We've modified this example a little more to highlight the another new feature of PGI 2011, access to CUDA module data across modules. This works in explicit CUDA Fortran kernel routines as well as in PGI Accelerator regions.

In this example, the array x has the device attribute; it will be allocated only on the GPU. When used in the PGI Accelerator region, that GPU data will be used directly. In fact, if we wanted to and it were appropriate, we could add the device attribute to the dummy arguments z and y, removing the need for the reflected directive and the data region.

CUDA Fortran has the device attribute for arrays and variables, so it's easy to extend PGI Accelerator Fortran to recognize this attribute and retrieve the address of the data on the GPU. C doesn't have such an attribute; even in CUDA C, pointers to device data have the same datatype and attributes as pointers to host data.
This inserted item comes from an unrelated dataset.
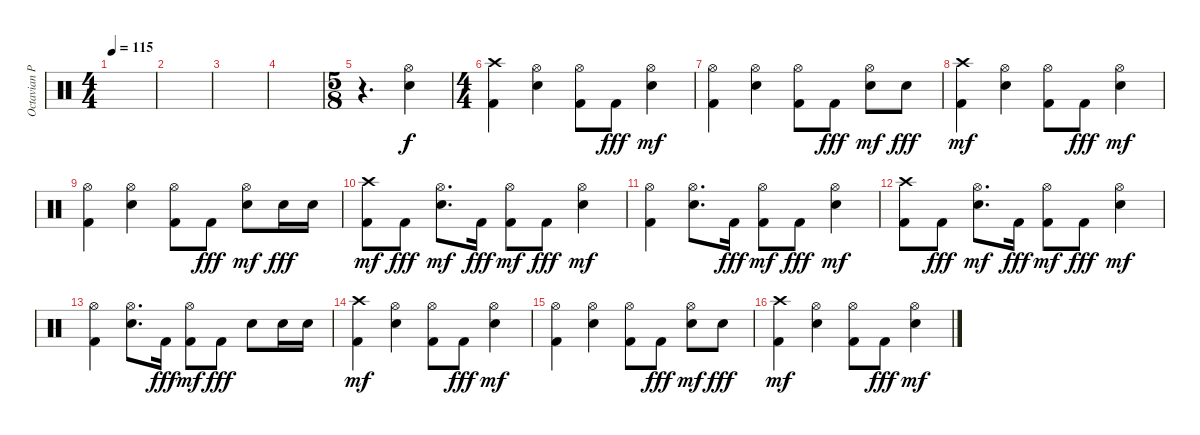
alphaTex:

In an upcoming PGI build—most likely in April—we will add the deviceptr clause for data and compute regions in C. This will allow you to specify that a pointer variable points to data on the device, such as data allocated with cudaMalloc, and use that data in the compute region.
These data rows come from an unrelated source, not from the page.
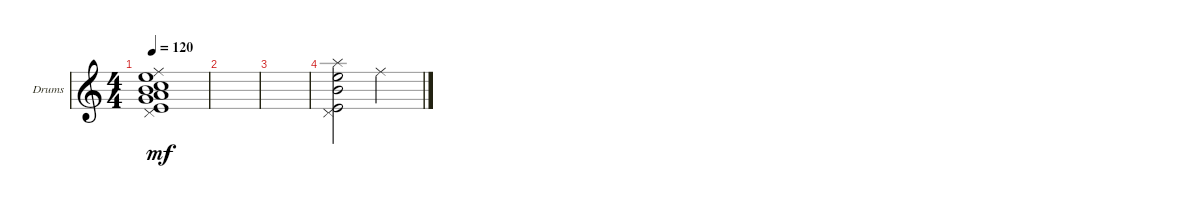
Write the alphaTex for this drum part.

\defaultSystemsLayout 4
\bracketExtendMode groupsimilarinstruments
\firstSystemTrackNameOrientation horizontal
\otherSystemsTrackNameOrientation horizontal
\track ("Drumkit" "Drums") {instrument percussion}
\staff {score}
\articulation defaults
\ts (4 4)
\tempo 120
\clef g2
\ks c
("Snare (hit) 2" "Mid Tom (hit)" "Low Tom (hit)" "Very Low Tom (hit)" "Kick (hit)" "Pedal Hi-Hat (hit)" "High Floor Tom (hit)" "Ride (middle)").1{dy mf} |
|
|
("Splash (hit)" "Pedal Hi-Hat (hit)" "Kick (hit)" "Mid Tom (hit)" "High Floor Tom (hit)").2 "Ride (middle)".2

There are some considerations to keep in mind when using CUDA extensions. First, you have to enable them, either by using the .cuf or .CUF CUDA Fortran file extensions, or compiling with the ‑Mcuda flag. Second, some PGI Accelerator model features change behavior. The PGI Unified Binary™ compiled with -ta=nvidia,host will not work because there is no host mode for the CUDA extensions. Also, as with any CUDA program, it must be run on a machine with an NVIDIA GPU, even if the part of the program using the CUDA extensions is not executed. When a CUDA program starts, it connects to the operating system CUDA driver and looks for a GPU, even before any user code is executed. There are some other, subtler behavior changes, but that's a topic for another article.

Summary

Tuning and optimizing data traffic between the host and GPU has been, and continues to be important to achieving maximum benefit from the massive performance of the GPU. This is true regardless of which model you use to program the GPU. We have been adding features to the PGI Accelerator programming model and the compilers themselves to allow you to manage and tune the data traffic more carefully. For PGI Accelerator Fortran users, the mirror and reflected directives let you effectively extend the range of a data region across procedure boundaries. The reflected directive will be available in PGI Accelerator C later this year. You can also combine CUDA Fortran extensions with PGI Accelerator Fortran to manually control data allocation on the GPU and data movement between the GPU and host while preserving the productivity benefits of PGI Accelerator directives for programming. You will soon be able to do the same for PGI Accelerator C as well. As always, you should measure the performance of your program to determine the bottlenecks; we recommend using pgcollect with pgprof, or NVIDIA's cudaprof tool, or compiling with -ta=nvidia,time to enable our simple post-mortem GPU profiler.